Given n = 6, edges = [[0, 3], [1, 3], [2, 3], [4, 3], [5, 4]]


 0  1  2
  \ | /
    3
    |
    4
    |
    5


return  [3, 4]



Note:


(1) According to the definition
of tree on Wikipedia: “a tree is an undirected graph in which any two vertices are connected by
exactly one path. In other words, any connected graph without simple cycles is a tree.”

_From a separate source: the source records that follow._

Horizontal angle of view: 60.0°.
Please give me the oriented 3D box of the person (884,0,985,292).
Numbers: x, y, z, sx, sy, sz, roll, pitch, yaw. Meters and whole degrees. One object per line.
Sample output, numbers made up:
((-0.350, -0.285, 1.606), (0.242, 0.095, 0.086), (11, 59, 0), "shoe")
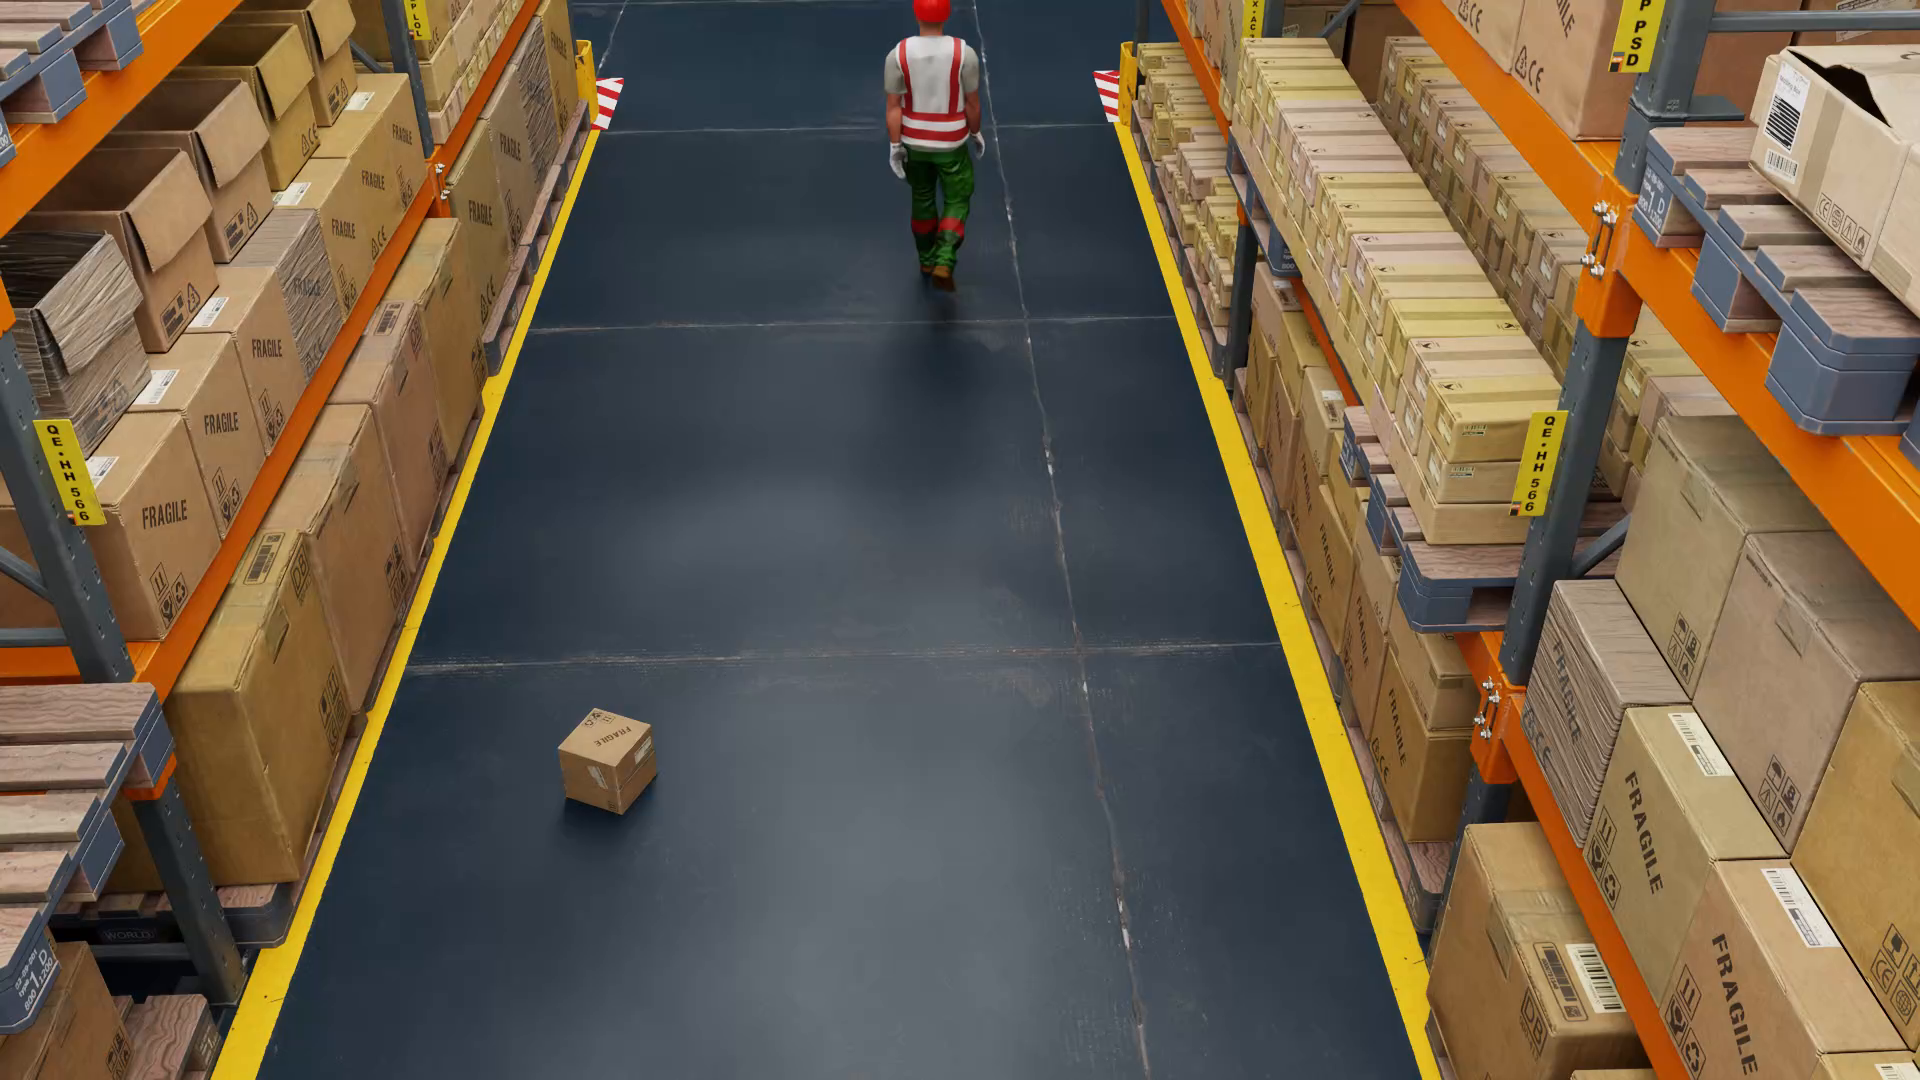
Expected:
((-0.139, -2.229, 9.306), (0.532, 1.763, 0.860), (5, 35, 7), "person")
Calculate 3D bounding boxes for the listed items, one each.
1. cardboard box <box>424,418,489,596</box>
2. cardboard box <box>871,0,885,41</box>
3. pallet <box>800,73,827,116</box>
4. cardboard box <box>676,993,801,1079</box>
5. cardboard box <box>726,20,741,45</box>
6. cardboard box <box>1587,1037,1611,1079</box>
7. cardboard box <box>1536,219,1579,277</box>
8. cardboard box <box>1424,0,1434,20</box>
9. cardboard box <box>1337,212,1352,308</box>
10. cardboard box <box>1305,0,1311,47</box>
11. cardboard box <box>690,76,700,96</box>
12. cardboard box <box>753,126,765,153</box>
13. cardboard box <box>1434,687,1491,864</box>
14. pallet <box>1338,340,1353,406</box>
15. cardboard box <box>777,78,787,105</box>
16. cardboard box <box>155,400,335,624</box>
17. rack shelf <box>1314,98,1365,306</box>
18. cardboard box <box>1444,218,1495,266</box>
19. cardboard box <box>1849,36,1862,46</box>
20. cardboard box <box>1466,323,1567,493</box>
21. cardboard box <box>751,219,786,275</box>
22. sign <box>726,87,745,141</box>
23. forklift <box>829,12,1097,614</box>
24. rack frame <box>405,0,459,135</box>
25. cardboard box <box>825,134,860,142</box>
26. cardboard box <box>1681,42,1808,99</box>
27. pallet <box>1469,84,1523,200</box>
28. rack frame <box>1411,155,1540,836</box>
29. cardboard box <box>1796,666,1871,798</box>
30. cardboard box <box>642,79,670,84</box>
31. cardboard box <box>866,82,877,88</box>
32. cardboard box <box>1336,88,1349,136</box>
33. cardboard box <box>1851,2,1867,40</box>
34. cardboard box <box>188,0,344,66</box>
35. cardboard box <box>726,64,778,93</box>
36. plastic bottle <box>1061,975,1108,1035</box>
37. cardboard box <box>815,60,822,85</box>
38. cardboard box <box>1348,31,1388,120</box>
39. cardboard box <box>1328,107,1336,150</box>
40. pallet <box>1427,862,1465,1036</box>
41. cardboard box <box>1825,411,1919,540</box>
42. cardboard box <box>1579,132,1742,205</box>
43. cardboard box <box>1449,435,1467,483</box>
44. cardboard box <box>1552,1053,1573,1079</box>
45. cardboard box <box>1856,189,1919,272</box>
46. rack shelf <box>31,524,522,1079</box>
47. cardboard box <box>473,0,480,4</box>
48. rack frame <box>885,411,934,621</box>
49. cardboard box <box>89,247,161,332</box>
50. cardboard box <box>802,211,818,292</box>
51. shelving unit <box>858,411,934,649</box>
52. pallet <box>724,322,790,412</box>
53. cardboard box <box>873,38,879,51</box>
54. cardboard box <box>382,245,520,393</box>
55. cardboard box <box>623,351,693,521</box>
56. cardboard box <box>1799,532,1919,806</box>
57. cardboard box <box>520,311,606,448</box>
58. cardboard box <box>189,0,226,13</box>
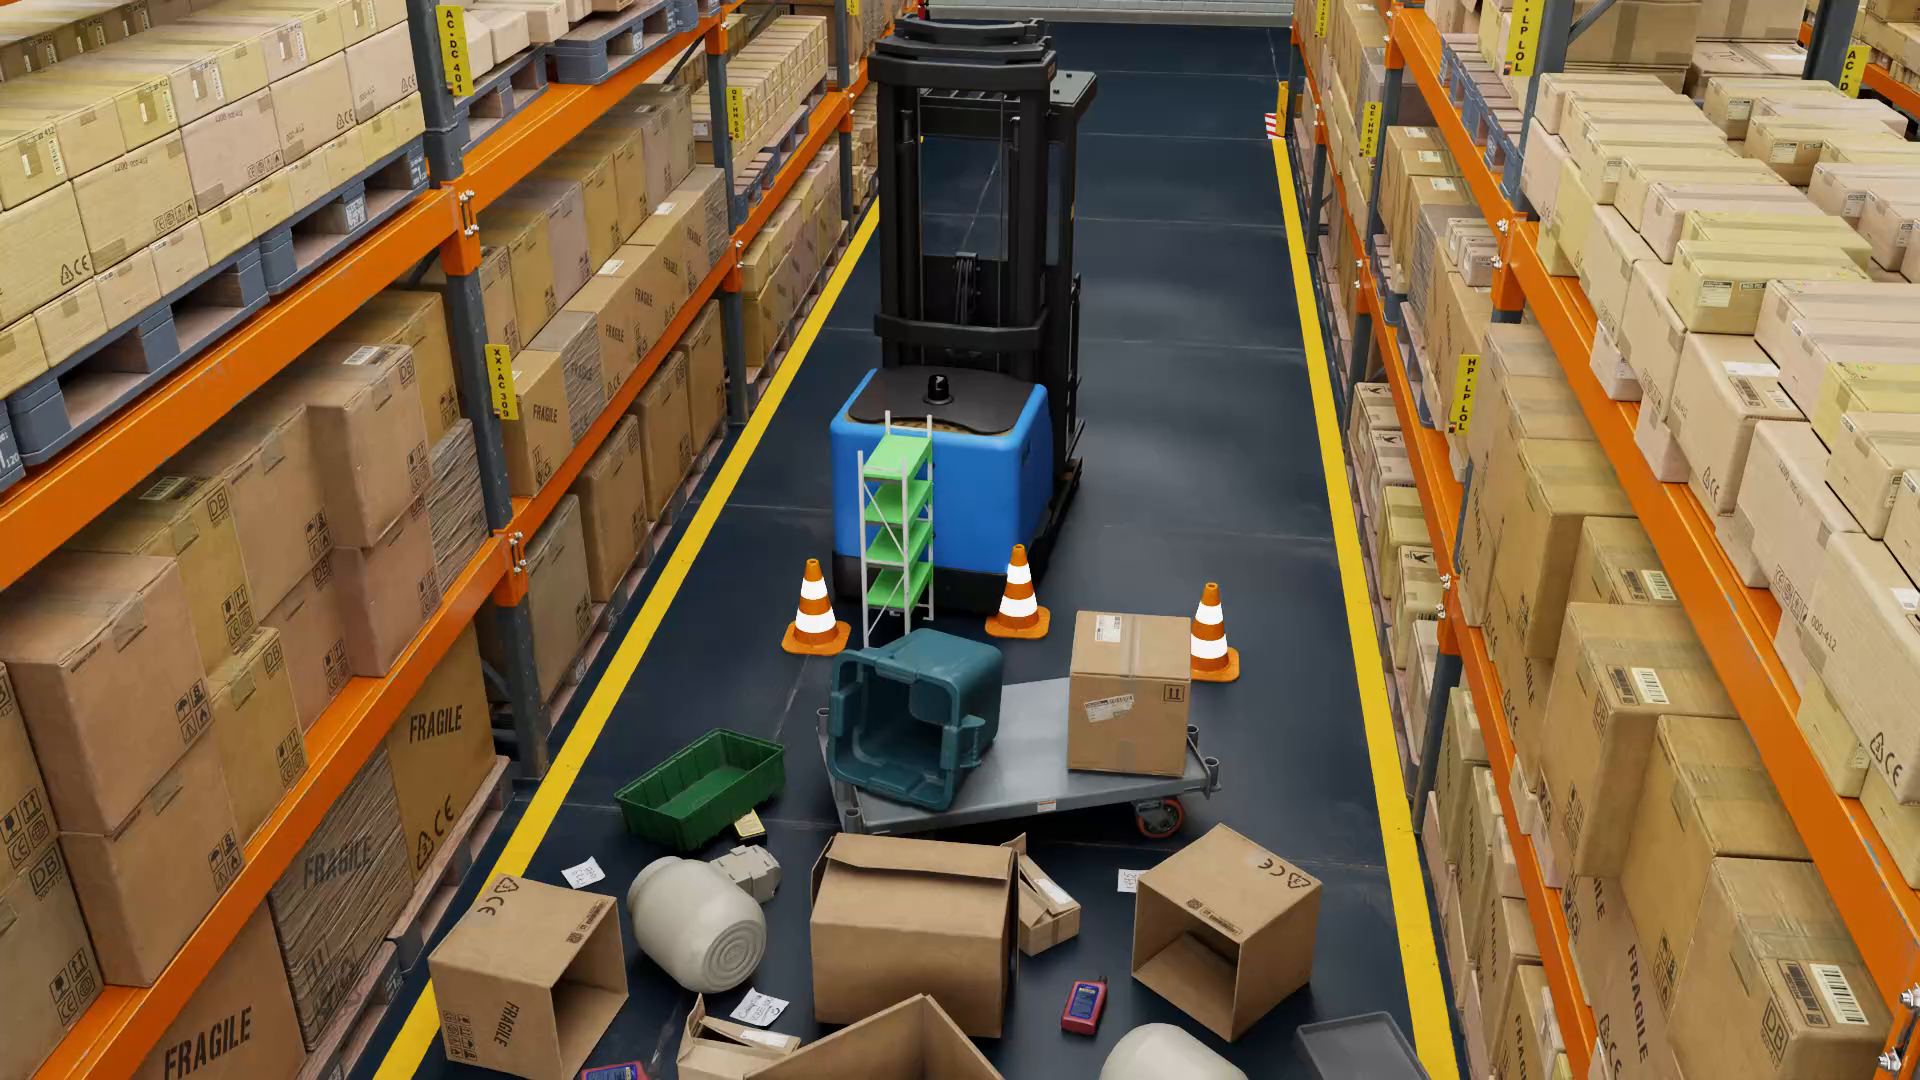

(2) The height of a rooted tree is the number of edges on the longest downward path between the root and a
leaf.

Credits:Special thanks to @dietpepsi for adding this problem and creating all test cases.

Solution

public class Solution {
 private Map<Integer, Node> map;

    public List<Integer> findMinHeightTrees(int n, int[][] edges) {
        List<Integer> result = new ArrayList<>();
        if (n <= 0 || edges == null) return result;
   map = new HashMap<>();
        for(int i = 0; i < n;i ++) {
            map.put(i, new Node(new ArrayList<Edge>(), i));
        }

        for (int i = 0; i < edges.length; i++) {
            int start = edges[i][0];
            int end = edges[i][1];

            if (!map.containsKey(start)) {
                map.put(start, new Node(new ArrayList<Edge>(), start));
            }

            if (!map.containsKey(end)) {
                map.put(end, new Node(new ArrayList<Edge>(), end));
            }

            Node startNode = map.get(start);
            Node endNode = map.get(end);
            Edge edge = new Edge(startNode, endNode);
            startNode.edges.add(edge);
            endNode.edges.add(edge);
        }

        // remove leaves until 2 nodes
        List<Node> leaves = new ArrayList<>();
        for (Node node : map.values()) {
            if (node.edges.size() == 1) {
                leaves.add(node);
            }
        }

        while (map.size() > 2) {
            for (Node leave : leaves) {
                map.remove(leave.val);

                List<Edge> edges1 = leave.edges;
                for (Edge edge : edges1) {
                    if (edge.n1 != leave) {
                        edge.n1.removeEdge(edge);
                    }

                    if (edge.n2 != leave) {
                        edge.n2.removeEdge(edge);
                    }
                }
            }

            leaves = new ArrayList<>();
            for (Node node : map.values()) {
                if (node.edges.size() == 1) {
                    leaves.add(node);
                }
            }
        }

        for (Node node : map.values()) {
            result.add(node.val);
        }

        return result;
    }

    private class Node {
        int val;
        List<Edge> edges;

        public Node(List<Edge> edges, int val) {
            this.edges = edges;
            this.val = val;
        }

        public void removeEdge(Edge edge) {
            edges.remove(edge);
        }
    }

    private class Edge {
        Node n1;
        Node n2;

        public Edge(Node n2, Node n1) {
            this.n2 = n2;
            this.n1 = n1;
        }
    }
}